*** Opening INPUT FOR THIS TASK ***

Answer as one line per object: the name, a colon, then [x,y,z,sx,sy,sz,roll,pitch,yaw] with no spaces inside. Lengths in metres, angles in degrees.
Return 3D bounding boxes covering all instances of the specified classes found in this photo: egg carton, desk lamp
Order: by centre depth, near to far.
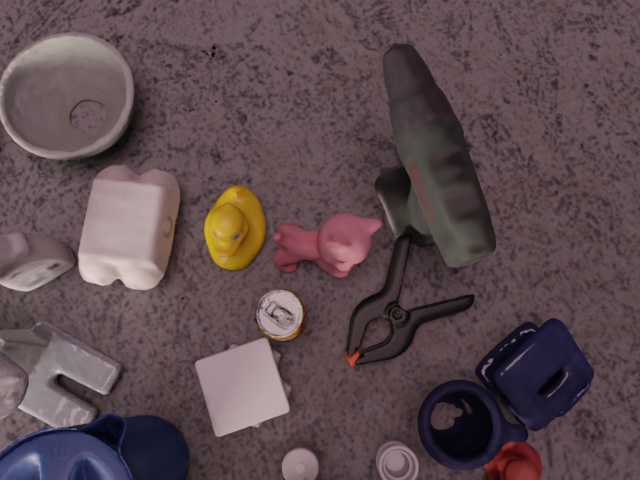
desk lamp: [-0.344,0.125,0.595,0.203,0.213,0.118,26,80,5]
egg carton: [-0.229,-0.016,0.698,0.107,0.069,0.150,6,78,1]

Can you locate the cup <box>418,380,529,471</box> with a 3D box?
cup: [0.162,0.204,0.640,0.117,0.095,0.092,7,78,2]

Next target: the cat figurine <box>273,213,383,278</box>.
cat figurine: [0.006,0.002,0.669,0.127,0.118,0.067,3,78,1]

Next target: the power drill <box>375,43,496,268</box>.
power drill: [0.115,-0.073,0.638,0.075,0.208,0.229,-22,79,-4]

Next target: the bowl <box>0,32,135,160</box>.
bowl: [-0.307,-0.171,0.726,0.167,0.075,0.167,0,78,0]

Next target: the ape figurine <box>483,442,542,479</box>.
ape figurine: [0.213,0.251,0.632,0.076,0.092,0.078,18,79,4]

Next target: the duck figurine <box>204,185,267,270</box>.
duck figurine: [-0.106,-0.020,0.690,0.077,0.086,0.104,7,79,2]

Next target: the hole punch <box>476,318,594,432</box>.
hole punch: [0.252,0.153,0.652,0.109,0.091,0.101,-41,81,-7]

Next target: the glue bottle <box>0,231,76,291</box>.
glue bottle: [-0.343,0.018,0.638,0.078,0.173,0.037,-29,80,-5]
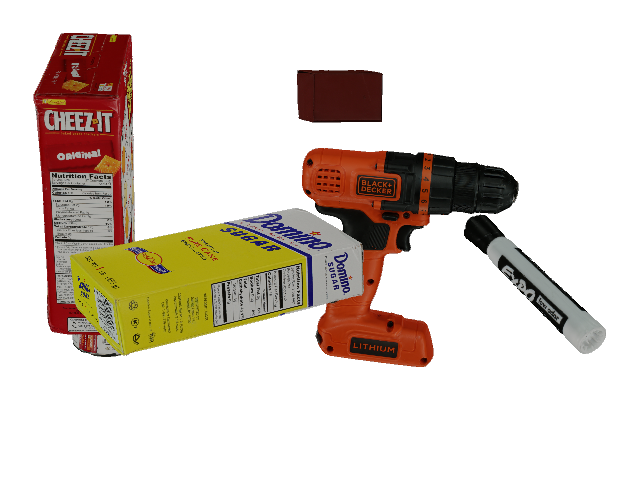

*** Closing INPUT FOR THIS TASK ***

▸ **WHAT THIS TASK INVOLVES**
Please return the listing above exactly and leave every picture out.

▸ **COMPLETED TASK**
Answer as one line per object: the name, a colon, then [x,y,z,sx,sy,sz,roll,pitch,yaw] with no spaces inside. Lengths in metres, angles in degrees.
Return 3D bounding boxes covering all instances of the specified classes found in this photo: egg carton, desk lamp
Order: by centre depth, near to far.
desk lamp: [-0.344,0.125,0.595,0.203,0.213,0.118,26,80,5]
egg carton: [-0.229,-0.016,0.698,0.107,0.069,0.150,6,78,1]

Can you locate the cup <box>418,380,529,471</box> with a 3D box?
cup: [0.162,0.204,0.640,0.117,0.095,0.092,7,78,2]

Next target: the cat figurine <box>273,213,383,278</box>.
cat figurine: [0.006,0.002,0.669,0.127,0.118,0.067,3,78,1]

Next target: the power drill <box>375,43,496,268</box>.
power drill: [0.115,-0.073,0.638,0.075,0.208,0.229,-22,79,-4]

Next target: the bowl <box>0,32,135,160</box>.
bowl: [-0.307,-0.171,0.726,0.167,0.075,0.167,0,78,0]

Next target: the ape figurine <box>483,442,542,479</box>.
ape figurine: [0.213,0.251,0.632,0.076,0.092,0.078,18,79,4]

Next target: the duck figurine <box>204,185,267,270</box>.
duck figurine: [-0.106,-0.020,0.690,0.077,0.086,0.104,7,79,2]

Next target: the hole punch <box>476,318,594,432</box>.
hole punch: [0.252,0.153,0.652,0.109,0.091,0.101,-41,81,-7]

Next target: the glue bottle <box>0,231,76,291</box>.
glue bottle: [-0.343,0.018,0.638,0.078,0.173,0.037,-29,80,-5]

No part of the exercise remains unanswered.